All of this means that the pipeline’s approval would essentially be a continuation of the status quo, with a few billion dollars kicked the U.S. economy’s way. Except that the project would, in spite of the State Department’s claims, have drastic effects on the environment on both local and global levels. That study published by the State Department was conducted by Environmental Resources Management (ERM), a firm that listed TransCanada, the would-be pipeline builder, as a client in its marketing materials a year before it began the Keystone contract.

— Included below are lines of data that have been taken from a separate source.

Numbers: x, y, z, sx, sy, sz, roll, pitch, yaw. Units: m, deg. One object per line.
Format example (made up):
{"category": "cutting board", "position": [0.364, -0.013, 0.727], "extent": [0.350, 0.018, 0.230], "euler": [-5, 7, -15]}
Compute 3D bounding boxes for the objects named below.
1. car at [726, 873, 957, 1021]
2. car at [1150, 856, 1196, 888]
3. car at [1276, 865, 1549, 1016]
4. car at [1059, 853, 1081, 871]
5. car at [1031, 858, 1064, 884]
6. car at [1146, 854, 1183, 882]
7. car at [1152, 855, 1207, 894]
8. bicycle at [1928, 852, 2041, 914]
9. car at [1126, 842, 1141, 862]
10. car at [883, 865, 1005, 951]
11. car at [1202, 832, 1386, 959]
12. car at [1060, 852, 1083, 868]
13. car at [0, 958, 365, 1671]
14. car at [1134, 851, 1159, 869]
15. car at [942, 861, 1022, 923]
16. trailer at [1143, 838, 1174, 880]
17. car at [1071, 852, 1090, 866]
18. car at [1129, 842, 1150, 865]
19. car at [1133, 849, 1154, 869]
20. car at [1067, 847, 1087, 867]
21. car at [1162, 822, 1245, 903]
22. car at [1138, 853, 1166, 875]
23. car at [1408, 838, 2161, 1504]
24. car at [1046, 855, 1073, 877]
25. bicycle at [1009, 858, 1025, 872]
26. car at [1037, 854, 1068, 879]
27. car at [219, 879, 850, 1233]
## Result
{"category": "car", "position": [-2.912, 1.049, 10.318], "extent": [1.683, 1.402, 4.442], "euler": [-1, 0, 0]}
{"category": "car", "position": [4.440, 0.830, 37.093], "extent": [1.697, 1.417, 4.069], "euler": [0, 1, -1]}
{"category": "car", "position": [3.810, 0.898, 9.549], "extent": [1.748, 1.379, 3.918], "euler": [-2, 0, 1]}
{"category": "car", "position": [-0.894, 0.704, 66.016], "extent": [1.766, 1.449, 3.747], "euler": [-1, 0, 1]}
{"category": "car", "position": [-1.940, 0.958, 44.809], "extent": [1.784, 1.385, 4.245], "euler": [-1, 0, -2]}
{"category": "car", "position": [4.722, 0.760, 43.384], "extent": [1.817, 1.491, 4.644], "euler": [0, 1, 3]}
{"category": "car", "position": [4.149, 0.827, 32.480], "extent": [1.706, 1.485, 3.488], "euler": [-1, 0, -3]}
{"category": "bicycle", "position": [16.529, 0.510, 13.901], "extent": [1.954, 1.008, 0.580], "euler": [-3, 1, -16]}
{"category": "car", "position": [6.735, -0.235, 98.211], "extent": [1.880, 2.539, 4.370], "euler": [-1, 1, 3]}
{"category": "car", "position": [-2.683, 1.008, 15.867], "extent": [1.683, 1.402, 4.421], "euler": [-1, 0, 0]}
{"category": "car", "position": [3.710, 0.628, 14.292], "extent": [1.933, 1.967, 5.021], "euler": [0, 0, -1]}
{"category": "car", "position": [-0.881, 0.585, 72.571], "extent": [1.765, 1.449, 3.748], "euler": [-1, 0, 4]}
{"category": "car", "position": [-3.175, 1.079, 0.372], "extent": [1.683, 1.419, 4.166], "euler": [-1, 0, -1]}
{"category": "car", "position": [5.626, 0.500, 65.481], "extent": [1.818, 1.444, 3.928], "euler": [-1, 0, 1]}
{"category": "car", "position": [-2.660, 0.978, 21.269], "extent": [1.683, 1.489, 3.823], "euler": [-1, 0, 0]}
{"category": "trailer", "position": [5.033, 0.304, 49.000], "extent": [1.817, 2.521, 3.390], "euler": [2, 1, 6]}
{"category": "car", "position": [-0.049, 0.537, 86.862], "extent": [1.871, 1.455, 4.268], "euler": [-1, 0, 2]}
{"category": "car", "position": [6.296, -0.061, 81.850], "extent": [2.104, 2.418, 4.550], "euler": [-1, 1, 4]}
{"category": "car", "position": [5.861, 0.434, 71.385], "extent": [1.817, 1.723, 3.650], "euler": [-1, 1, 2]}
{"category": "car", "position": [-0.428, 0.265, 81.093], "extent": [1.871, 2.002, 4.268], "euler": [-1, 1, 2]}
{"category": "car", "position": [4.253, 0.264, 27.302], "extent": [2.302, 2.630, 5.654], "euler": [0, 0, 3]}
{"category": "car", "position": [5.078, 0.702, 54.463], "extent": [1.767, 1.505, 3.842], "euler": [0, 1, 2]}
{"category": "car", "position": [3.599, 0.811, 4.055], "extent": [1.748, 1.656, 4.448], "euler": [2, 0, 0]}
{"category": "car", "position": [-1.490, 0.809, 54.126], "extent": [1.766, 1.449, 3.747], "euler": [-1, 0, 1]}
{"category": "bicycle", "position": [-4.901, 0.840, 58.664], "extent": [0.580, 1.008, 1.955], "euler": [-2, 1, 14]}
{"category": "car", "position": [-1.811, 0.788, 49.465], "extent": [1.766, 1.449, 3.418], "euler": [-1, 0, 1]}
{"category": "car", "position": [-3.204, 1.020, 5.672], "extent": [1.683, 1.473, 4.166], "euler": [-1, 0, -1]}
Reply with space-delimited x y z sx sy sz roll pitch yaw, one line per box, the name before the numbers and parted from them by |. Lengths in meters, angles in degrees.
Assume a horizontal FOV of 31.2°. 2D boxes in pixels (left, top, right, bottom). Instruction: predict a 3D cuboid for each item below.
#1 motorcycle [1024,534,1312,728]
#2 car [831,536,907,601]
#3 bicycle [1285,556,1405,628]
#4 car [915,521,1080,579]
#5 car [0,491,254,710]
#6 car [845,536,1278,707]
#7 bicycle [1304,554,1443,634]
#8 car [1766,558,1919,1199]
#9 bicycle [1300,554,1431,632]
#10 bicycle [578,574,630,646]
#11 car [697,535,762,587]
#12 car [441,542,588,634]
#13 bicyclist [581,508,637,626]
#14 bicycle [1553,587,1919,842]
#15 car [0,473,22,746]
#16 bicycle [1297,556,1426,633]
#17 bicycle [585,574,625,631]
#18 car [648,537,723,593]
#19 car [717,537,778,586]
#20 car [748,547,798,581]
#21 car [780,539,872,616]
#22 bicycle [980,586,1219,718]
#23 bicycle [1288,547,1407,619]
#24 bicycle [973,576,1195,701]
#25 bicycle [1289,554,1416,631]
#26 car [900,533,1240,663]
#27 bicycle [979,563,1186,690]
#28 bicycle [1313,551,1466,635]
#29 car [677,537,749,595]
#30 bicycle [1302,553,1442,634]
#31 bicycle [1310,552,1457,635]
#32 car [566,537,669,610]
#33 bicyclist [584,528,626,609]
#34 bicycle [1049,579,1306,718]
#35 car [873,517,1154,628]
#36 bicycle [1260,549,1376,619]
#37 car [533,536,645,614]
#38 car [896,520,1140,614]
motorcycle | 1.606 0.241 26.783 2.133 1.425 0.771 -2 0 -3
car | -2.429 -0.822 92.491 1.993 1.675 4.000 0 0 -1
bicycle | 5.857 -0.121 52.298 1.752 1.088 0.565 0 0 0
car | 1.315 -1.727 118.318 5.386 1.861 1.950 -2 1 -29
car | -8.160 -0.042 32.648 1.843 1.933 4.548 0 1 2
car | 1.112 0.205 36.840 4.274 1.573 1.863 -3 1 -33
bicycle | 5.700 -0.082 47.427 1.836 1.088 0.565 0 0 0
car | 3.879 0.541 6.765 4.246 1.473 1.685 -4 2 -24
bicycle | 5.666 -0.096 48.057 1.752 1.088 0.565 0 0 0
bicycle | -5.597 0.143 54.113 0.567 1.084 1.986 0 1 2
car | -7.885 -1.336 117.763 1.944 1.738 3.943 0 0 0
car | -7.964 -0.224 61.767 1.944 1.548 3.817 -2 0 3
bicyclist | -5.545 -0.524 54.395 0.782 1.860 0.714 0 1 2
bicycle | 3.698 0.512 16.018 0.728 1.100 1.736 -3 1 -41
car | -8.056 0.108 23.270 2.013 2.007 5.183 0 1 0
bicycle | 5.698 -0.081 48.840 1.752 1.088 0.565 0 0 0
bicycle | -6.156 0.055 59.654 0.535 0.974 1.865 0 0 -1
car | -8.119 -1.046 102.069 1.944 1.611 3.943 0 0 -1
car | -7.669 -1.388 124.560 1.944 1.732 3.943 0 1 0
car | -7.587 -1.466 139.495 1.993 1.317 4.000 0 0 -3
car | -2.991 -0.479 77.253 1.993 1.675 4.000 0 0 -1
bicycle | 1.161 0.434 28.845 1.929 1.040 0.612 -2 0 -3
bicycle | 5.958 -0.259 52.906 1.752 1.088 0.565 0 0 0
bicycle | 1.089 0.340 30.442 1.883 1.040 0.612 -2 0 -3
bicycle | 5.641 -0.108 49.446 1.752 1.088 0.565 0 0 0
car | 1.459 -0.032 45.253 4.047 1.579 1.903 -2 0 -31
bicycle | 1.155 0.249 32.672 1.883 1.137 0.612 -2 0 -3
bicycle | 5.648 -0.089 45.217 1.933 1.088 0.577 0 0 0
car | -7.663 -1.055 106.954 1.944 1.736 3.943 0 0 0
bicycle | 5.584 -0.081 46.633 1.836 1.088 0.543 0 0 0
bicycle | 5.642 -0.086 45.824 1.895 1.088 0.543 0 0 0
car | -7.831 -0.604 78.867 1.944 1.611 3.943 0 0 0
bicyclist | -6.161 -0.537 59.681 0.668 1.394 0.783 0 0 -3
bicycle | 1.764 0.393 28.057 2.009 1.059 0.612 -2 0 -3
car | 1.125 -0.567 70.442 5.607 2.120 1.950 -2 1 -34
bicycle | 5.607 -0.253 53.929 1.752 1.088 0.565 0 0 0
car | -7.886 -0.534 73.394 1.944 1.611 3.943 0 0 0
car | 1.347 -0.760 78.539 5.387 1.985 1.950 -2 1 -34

Both ERM and TransCanada told the State Department at the time that they had not worked together for at least five years, a term of the contract meant to limit conflict of interest. Of course, any doubts about a conflict of interest evaporated when it emerged that up until the summer of 2013, a division of ERM had been “working alongside TransCanada on the Alaska Pipeline Project.” These are two in a laundry list of troubling connections between the two companies.
Considering, then, that the State Department study was conducted by TransCanada’s business partner, it’s little surprise that it failed to find any environmental consequences for the project. The reality is far different. On a local level, pipeline leaks and spills could have a number of drastic effects. Recent leaks from similar lines have been bad. Really bad. A New York Times article cites a 2010 leak of 840,000 gallons of bitumen into Michigan’s Kalamazoo River. The cleanup has cost $1 billion so far, and continues today.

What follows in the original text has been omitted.